Question

Write each of the following numbers as "ordinary" decimal numbers. a. \(6.244 \times 10^{3}\) b. \(9.117 \times 10^{-2}\) c. \(8.299 \times 10^{1}\) d. \(1.771 \times 10^{-4}\) e. \(5.451 \times 10^{2}\) f. \(2.934 \times 10^{-5}\)

Short answer

a. 6244 b. 0.09117 c. 82.99 d. 0.0001771 e. 545.1 f. 0.00002934

Step-by-step solution

a. 6.244 × 10^3

To convert this number, we will multiply 6.244 by 10 raised to the power of 3. That is \(6.244 \times 10^3 = 6.244 \times 1000\), which results in the decimal number 6244.

b. 9.117 × 10^(-2)

To convert this number, we will multiply 9.117 by 10 raised to the power of -2. That is \(9.117 \times 10^{-2} = 9.117 \times 0.01\), which results in the decimal number 0.09117.

c. 8.299 × 10^1

To convert this number, we will multiply 8.299 by 10 raised to the power of 1. That is \(8.299 \times 10^1 = 8.299 \times 10\), which results in the decimal number 82.99.

d. 1.771 × 10^(-4)

To convert this number, we will multiply 1.771 by 10 raised to the power of -4. That is \(1.771 \times 10^{-4} = 1.771 \times 0.0001\), which results in the decimal number 0.0001771.

e. 5.451 × 10^2

To convert this number, we will multiply 5.451 by 10 raised to the power of 2. That is \(5.451 \times 10^2 = 5.451 \times 100\), which results in the decimal number 545.1.

f. 2.934 × 10^(-5)

To convert this number, we will multiply 2.934 by 10 raised to the power of -5. That is \(2.934 \times 10^{-5} = 2.934 \times 0.00001\), which results in the decimal number 0.00002934.

Key concepts

Decimal Conversion

Decimal conversion is a fundamental skill in mathematics that involves changing numbers from one form to another, usually between scientific notation and "ordinary" decimal numbers. When a number is presented in scientific notation, it is expressed as a product of a coefficient and a power of ten, for instance, \(6.244 \times 10^3\). To convert this into a decimal number, you multiply the coefficient by the power of ten it is paired with.
In the example \(6.244 \times 10^3\), multiply 6.244 by 1000, which is the value of \(10^3\). This results in the decimal number 6244. The conversion process simplifies large or small numbers, making them easier to read and understand. Remember, if the power of ten has a negative exponent, as in \(9.117 \times 10^{-2}\), you divide by a power of ten, making the number smaller and resulting in 0.09117.

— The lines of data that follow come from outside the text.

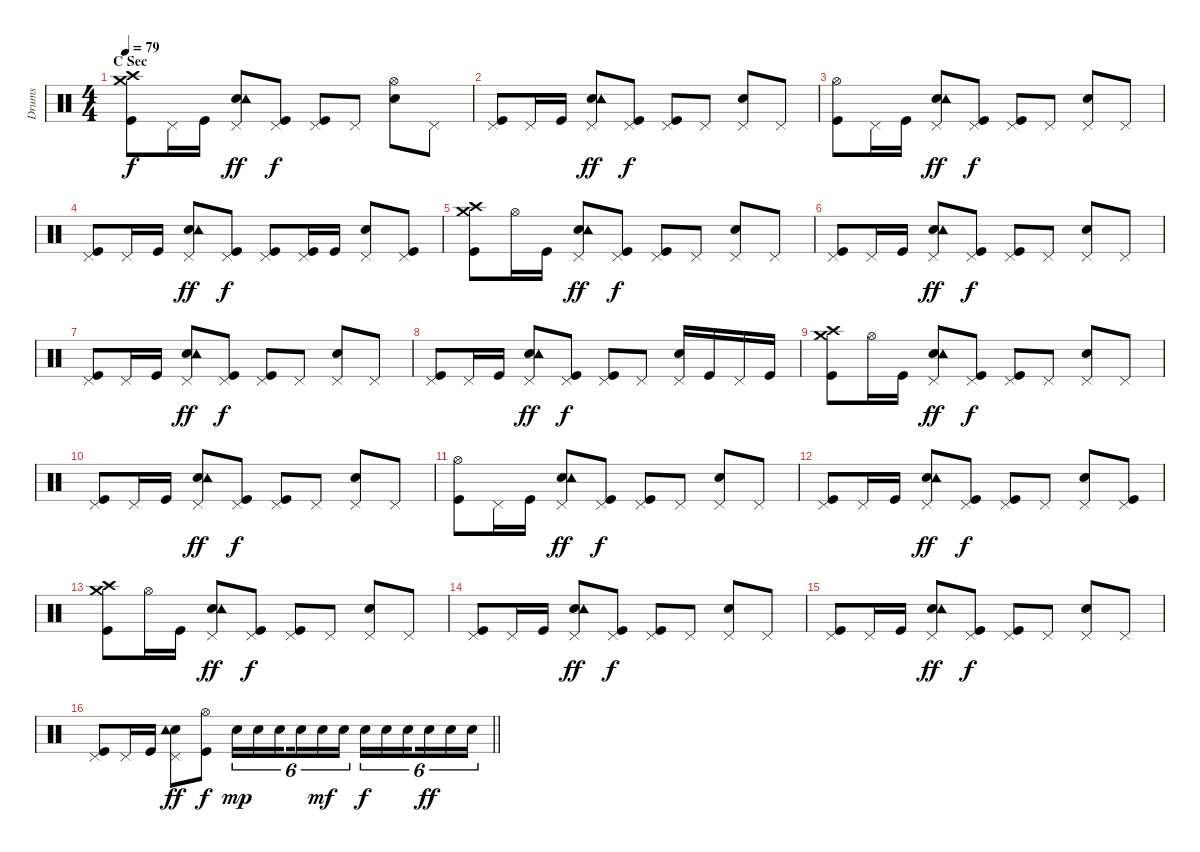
\track ("Drums" "Drums") {instrument percussion}
\staff {score}
\articulation defaults
\ts (4 4)
\section ("" "C Sec")
\tempo 79
\clef neutral
\ks c
("Crash high (hit)" "Crash medium (hit)" "Kick (hit)").8{dy f} "Pedal Hi-Hat (hit)".16 "Kick (hit)".16 ("Electric Snare (hit)" "Pedal Hi-Hat (hit)" "Tambourine (hit)").8{dy ff} ("Pedal Hi-Hat (hit)" "Kick (hit)").8{dy f} ("Pedal Hi-Hat (hit)" "Kick (hit)").8 "Pedal Hi-Hat (hit)".8 ("Electric Snare (hit)" "Hi-Hat (open)").8 "Pedal Hi-Hat (hit)".8 |
("Pedal Hi-Hat (hit)" "Kick (hit)").8 "Pedal Hi-Hat (hit)".16 "Kick (hit)".16 ("Electric Snare (hit)" "Pedal Hi-Hat (hit)" "Tambourine (hit)").8{dy ff} ("Pedal Hi-Hat (hit)" "Kick (hit)").8{dy f} ("Pedal Hi-Hat (hit)" "Kick (hit)").8 "Pedal Hi-Hat (hit)".8 ("Electric Snare (hit)" "Pedal Hi-Hat (hit)").8 "Pedal Hi-Hat (hit)".8 |
("Hi-Hat (open)" "Kick (hit)").8 "Pedal Hi-Hat (hit)".16 "Kick (hit)".16 ("Electric Snare (hit)" "Pedal Hi-Hat (hit)" "Tambourine (hit)").8{dy ff} ("Pedal Hi-Hat (hit)" "Kick (hit)").8{dy f} ("Pedal Hi-Hat (hit)" "Kick (hit)").8 "Pedal Hi-Hat (hit)".8 ("Electric Snare (hit)" "Pedal Hi-Hat (hit)").8 "Pedal Hi-Hat (hit)".8 |
("Pedal Hi-Hat (hit)" "Kick (hit)").8 "Pedal Hi-Hat (hit)".16 "Kick (hit)".16 ("Electric Snare (hit)" "Pedal Hi-Hat (hit)" "Tambourine (hit)").8{dy ff} ("Pedal Hi-Hat (hit)" "Kick (hit)").8{dy f} ("Pedal Hi-Hat (hit)" "Kick (hit)").8 ("Pedal Hi-Hat (hit)" "Kick (hit)").16 "Kick (hit)".16 ("Electric Snare (hit)" "Pedal Hi-Hat (hit)").8 ("Pedal Hi-Hat (hit)" "Kick (hit)").8 |
("Crash high (hit)" "Crash medium (hit)" "Kick (hit)").8 "Hi-Hat (open)".16 "Kick (hit)".16 ("Electric Snare (hit)" "Pedal Hi-Hat (hit)" "Tambourine (hit)").8{dy ff} ("Pedal Hi-Hat (hit)" "Kick (hit)").8{dy f} ("Pedal Hi-Hat (hit)" "Kick (hit)").8 "Pedal Hi-Hat (hit)".8 ("Electric Snare (hit)" "Pedal Hi-Hat (hit)").8 "Pedal Hi-Hat (hit)".8 |
("Pedal Hi-Hat (hit)" "Kick (hit)").8 "Pedal Hi-Hat (hit)".16 "Kick (hit)".16 ("Electric Snare (hit)" "Pedal Hi-Hat (hit)" "Tambourine (hit)").8{dy ff} ("Pedal Hi-Hat (hit)" "Kick (hit)").8{dy f} ("Pedal Hi-Hat (hit)" "Kick (hit)").8 "Pedal Hi-Hat (hit)".8 ("Electric Snare (hit)" "Pedal Hi-Hat (hit)").8 "Pedal Hi-Hat (hit)".8 |
("Pedal Hi-Hat (hit)" "Kick (hit)").8 "Pedal Hi-Hat (hit)".16 "Kick (hit)".16 ("Electric Snare (hit)" "Pedal Hi-Hat (hit)" "Tambourine (hit)").8{dy ff} ("Pedal Hi-Hat (hit)" "Kick (hit)").8{dy f} ("Pedal Hi-Hat (hit)" "Kick (hit)").8 "Pedal Hi-Hat (hit)".8 ("Electric Snare (hit)" "Pedal Hi-Hat (hit)").8 "Pedal Hi-Hat (hit)".8 |
("Pedal Hi-Hat (hit)" "Kick (hit)").8 "Pedal Hi-Hat (hit)".16 "Kick (hit)".16 ("Electric Snare (hit)" "Pedal Hi-Hat (hit)" "Tambourine (hit)").8{dy ff} ("Pedal Hi-Hat (hit)" "Kick (hit)").8{dy f} ("Pedal Hi-Hat (hit)" "Kick (hit)").8 "Pedal Hi-Hat (hit)".8 ("Electric Snare (hit)" "Pedal Hi-Hat (hit)").16 "Kick (hit)".16 "Pedal Hi-Hat (hit)".16 "Kick (hit)".16 |
("Crash high (hit)" "Crash medium (hit)" "Kick (hit)").8 "Hi-Hat (open)".16 "Kick (hit)".16 ("Electric Snare (hit)" "Pedal Hi-Hat (hit)" "Tambourine (hit)").8{dy ff} ("Pedal Hi-Hat (hit)" "Kick (hit)").8{dy f} ("Pedal Hi-Hat (hit)" "Kick (hit)").8 "Pedal Hi-Hat (hit)".8 ("Electric Snare (hit)" "Pedal Hi-Hat (hit)").8 "Pedal Hi-Hat (hit)".8 |
("Pedal Hi-Hat (hit)" "Kick (hit)").8 "Pedal Hi-Hat (hit)".16 "Kick (hit)".16 ("Electric Snare (hit)" "Pedal Hi-Hat (hit)" "Tambourine (hit)").8{dy ff} ("Pedal Hi-Hat (hit)" "Kick (hit)").8{dy f} ("Pedal Hi-Hat (hit)" "Kick (hit)").8 "Pedal Hi-Hat (hit)".8 ("Electric Snare (hit)" "Pedal Hi-Hat (hit)").8 "Pedal Hi-Hat (hit)".8 |
("Hi-Hat (open)" "Kick (hit)").8 "Pedal Hi-Hat (hit)".16 "Kick (hit)".16 ("Electric Snare (hit)" "Pedal Hi-Hat (hit)" "Tambourine (hit)").8{dy ff} ("Pedal Hi-Hat (hit)" "Kick (hit)").8{dy f} ("Pedal Hi-Hat (hit)" "Kick (hit)").8 "Pedal Hi-Hat (hit)".8 ("Electric Snare (hit)" "Pedal Hi-Hat (hit)").8 "Pedal Hi-Hat (hit)".8 |
("Pedal Hi-Hat (hit)" "Kick (hit)").8 "Pedal Hi-Hat (hit)".16 "Kick (hit)".16 ("Electric Snare (hit)" "Pedal Hi-Hat (hit)" "Tambourine (hit)").8{dy ff} ("Pedal Hi-Hat (hit)" "Kick (hit)").8{dy f} ("Pedal Hi-Hat (hit)" "Kick (hit)").8 "Pedal Hi-Hat (hit)".8 ("Electric Snare (hit)" "Pedal Hi-Hat (hit)").8 ("Pedal Hi-Hat (hit)" "Kick (hit)").8 |
("Crash high (hit)" "Crash medium (hit)" "Kick (hit)").8 "Hi-Hat (open)".16 "Kick (hit)".16 ("Electric Snare (hit)" "Pedal Hi-Hat (hit)" "Tambourine (hit)").8{dy ff} ("Pedal Hi-Hat (hit)" "Kick (hit)").8{dy f} ("Pedal Hi-Hat (hit)" "Kick (hit)").8 "Pedal Hi-Hat (hit)".8 ("Electric Snare (hit)" "Pedal Hi-Hat (hit)").8 "Pedal Hi-Hat (hit)".8 |
("Pedal Hi-Hat (hit)" "Kick (hit)").8 "Pedal Hi-Hat (hit)".16 "Kick (hit)".16 ("Electric Snare (hit)" "Pedal Hi-Hat (hit)" "Tambourine (hit)").8{dy ff} ("Pedal Hi-Hat (hit)" "Kick (hit)").8{dy f} ("Pedal Hi-Hat (hit)" "Kick (hit)").8 "Pedal Hi-Hat (hit)".8 ("Electric Snare (hit)" "Pedal Hi-Hat (hit)").8 "Pedal Hi-Hat (hit)".8 |
("Pedal Hi-Hat (hit)" "Kick (hit)").8 "Pedal Hi-Hat (hit)".16 "Kick (hit)".16 ("Electric Snare (hit)" "Pedal Hi-Hat (hit)" "Tambourine (hit)").8{dy ff} ("Pedal Hi-Hat (hit)" "Kick (hit)").8{dy f} ("Pedal Hi-Hat (hit)" "Kick (hit)").8 "Pedal Hi-Hat (hit)".8 ("Electric Snare (hit)" "Pedal Hi-Hat (hit)").8 "Pedal Hi-Hat (hit)".8 |
\barLineRight lightlight
("Pedal Hi-Hat (hit)" "Kick (hit)").8 "Pedal Hi-Hat (hit)".16 "Kick (hit)".16 ("Electric Snare (hit)" "Pedal Hi-Hat (hit)" "Tambourine (hit)").8{dy ff} ("Hi-Hat (open)" "Kick (hit)").8{dy f} "Electric Snare (hit)".16{tu (6 4) dy mp} "Electric Snare (hit)".16{tu (6 4)} "Electric Snare (hit)".16{tu (6 4) beam splitsecondary} "Electric Snare (hit)".16{tu (6 4)} "Electric Snare (hit)".16{tu (6 4) dy mf} "Electric Snare (hit)".16{tu (6 4)} "Electric Snare (hit)".16{tu (6 4) dy f} "Electric Snare (hit)".16{tu (6 4)} "Electric Snare (hit)".16{tu (6 4) beam splitsecondary} "Electric Snare (hit)".16{tu (6 4) dy ff} "Electric Snare (hit)".16{tu (6 4)} "Electric Snare (hit)".16{tu (6 4)}

• Positive exponents make the decimal larger. Move the decimal point to the right.
• Negative exponents make the decimal smaller. Move the decimal point to the left.

Practicing this conversion can help students handle both very large and very small numbers efficiently.

Powers of Ten

Understanding powers of ten is crucial for grasping scientific notation and performing decimal conversions. A power of ten refers to 10 raised to an exponent. This exponent tells you how many times to multiply or divide the number 10.
Consider the basic examples:

• \(10^1 = 10\) is 10, because "10 to the power 1" means 10 multiplied by itself once.
• \(10^2 = 100\) is 100, indicating 10 multiplied by itself twice.
• \(10^{-1} = 0.1\) shows division by 10 once, making the number smaller.

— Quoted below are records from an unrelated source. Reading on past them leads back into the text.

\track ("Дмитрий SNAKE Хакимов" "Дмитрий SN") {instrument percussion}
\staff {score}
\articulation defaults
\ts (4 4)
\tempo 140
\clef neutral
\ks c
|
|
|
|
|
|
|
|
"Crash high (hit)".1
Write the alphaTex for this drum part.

Utilizing powers of ten is especially useful in measuring and expressing large distances or minuscule measurements in science and engineering.
When you encounter a power with a positive exponent, you'll end up moving the decimal point to the right, increasing the number's value. Conversely, a negative exponent means moving the decimal to the left, reducing the value. For example, \(10^3 = 1000\) implies multiplying a number by 1000, while \(10^{-3} = 0.001\) means dividing by 1000. Becoming comfortable with powers of ten will significantly ease your understanding of scientific notation.

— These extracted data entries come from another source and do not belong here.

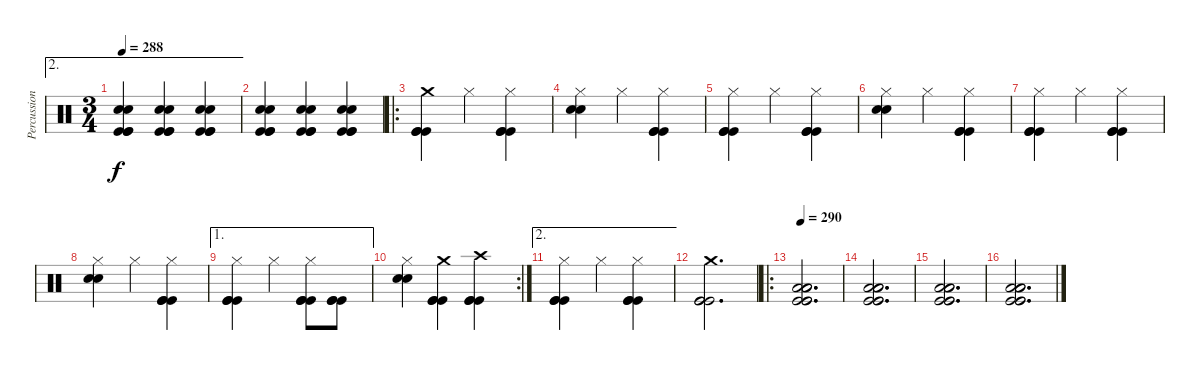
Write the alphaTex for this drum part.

\track ("Percussion" "Percussion") {instrument percussion}
\staff {score}
\articulation defaults
\ae 2
\ts (3 4)
\tempo 288
\clef neutral
\ks c
("Electric Snare (hit)" "Snare (hit) 2" "Kick (hit)" "Kick (hit)" "Kick (hit)").4{dy f} ("Electric Snare (hit)" "Snare (hit) 2" "Kick (hit)" "Kick (hit)" "Kick (hit)").4 ("Electric Snare (hit)" "Snare (hit) 2" "Kick (hit)" "Kick (hit)" "Kick (hit)").4 |
("Electric Snare (hit)" "Snare (hit) 2" "Kick (hit)" "Kick (hit)" "Kick (hit)").4 ("Electric Snare (hit)" "Snare (hit) 2" "Kick (hit)" "Kick (hit)" "Kick (hit)").4 ("Electric Snare (hit)" "Snare (hit) 2" "Kick (hit)" "Kick (hit)" "Kick (hit)").4 |
\ro
("Crash medium (hit)" "Kick (hit)" "Kick (hit)" "Kick (hit)").4 "Hi-Hat (closed)".4 ("Hi-Hat (closed)" "Kick (hit)" "Kick (hit)" "Kick (hit)").4 |
("Hi-Hat (closed)" "Electric Snare (hit)" "Snare (hit) 2").4 "Hi-Hat (closed)".4 ("Hi-Hat (closed)" "Kick (hit)" "Kick (hit)" "Kick (hit)").4 |
("Hi-Hat (closed)" "Kick (hit)" "Kick (hit)" "Kick (hit)").4 "Hi-Hat (closed)".4 ("Hi-Hat (closed)" "Kick (hit)" "Kick (hit)" "Kick (hit)").4 |
("Hi-Hat (closed)" "Electric Snare (hit)" "Snare (hit) 2").4 "Hi-Hat (closed)".4 ("Hi-Hat (closed)" "Kick (hit)" "Kick (hit)" "Kick (hit)").4 |
("Hi-Hat (closed)" "Kick (hit)" "Kick (hit)" "Kick (hit)").4 "Hi-Hat (closed)".4 ("Hi-Hat (closed)" "Kick (hit)" "Kick (hit)" "Kick (hit)").4 |
("Hi-Hat (closed)" "Electric Snare (hit)" "Snare (hit) 2").4 "Hi-Hat (closed)".4 ("Hi-Hat (closed)" "Kick (hit)" "Kick (hit)" "Kick (hit)").4 |
\ae 1
("Hi-Hat (closed)" "Kick (hit)" "Kick (hit)" "Kick (hit)").4 "Hi-Hat (closed)".4 ("Hi-Hat (closed)" "Kick (hit)" "Kick (hit)" "Kick (hit)").8 ("Kick (hit)" "Kick (hit)" "Kick (hit)").8 |
\rc 2
("Hi-Hat (closed)" "Snare (hit) 2" "Electric Snare (hit)").4 ("Crash medium (hit)" "Kick (hit)" "Kick (hit)" "Kick (hit)").4 ("Crash high (hit)" "Kick (hit)" "Kick (hit)" "Kick (hit)").4 |
\ae 2
("Hi-Hat (closed)" "Kick (hit)" "Kick (hit)" "Kick (hit)").4 "Hi-Hat (closed)".4 ("Hi-Hat (closed)" "Kick (hit)" "Kick (hit)" "Kick (hit)").4 |
("Crash medium (hit)" "Kick (hit)" "Kick (hit)" "Kick (hit)").2{d} |
\ro
\tempo 290
("Low Floor Tom (hit)" "Low Floor Tom (hit)" "Low Floor Tom (hit)" "Kick (hit)" "Kick (hit)" "Kick (hit)").2{d} |
("Low Floor Tom (hit)" "Low Floor Tom (hit)" "Low Floor Tom (hit)" "Kick (hit)" "Kick (hit)" "Kick (hit)").2{d} |
("Low Floor Tom (hit)" "Low Floor Tom (hit)" "Low Floor Tom (hit)" "Kick (hit)" "Kick (hit)" "Kick (hit)").2{d} |
("Low Floor Tom (hit)" "Low Floor Tom (hit)" "Low Floor Tom (hit)" "Kick (hit)" "Kick (hit)" "Kick (hit)").2{d}

Multiplication in Mathematics

Multiplication is one of the basic arithmetic operations in mathematics. It involves combining equal groups, which is essential when working with scientific notations to perform decimal conversions. When multiplying a number by a power of ten, you alter its scale by moving the decimal point.
For instance, in the multiplication \(8.299 \times 10^1\), the number 8.299 is expanded by one place, resulting in 82.99. Simply put, you shift the decimal one place to the right corresponding to \(10^1\). Similarly, for \(1.771 \times 10^{-4}\), shift the decimal place four places to the left, making it 0.0001771.
The concept of multiplication extends into various mathematical operations and concepts, forming a critical part of equations, functions, and problem-solving. It also has properties such as the commutative property (\(a \times b = b \times a\)), which indicates that multiplicands can change places without affecting the product.
Understanding how to multiply efficiently, especially with powers of ten, equips students to tackle more complex mathematical ideas and challenges.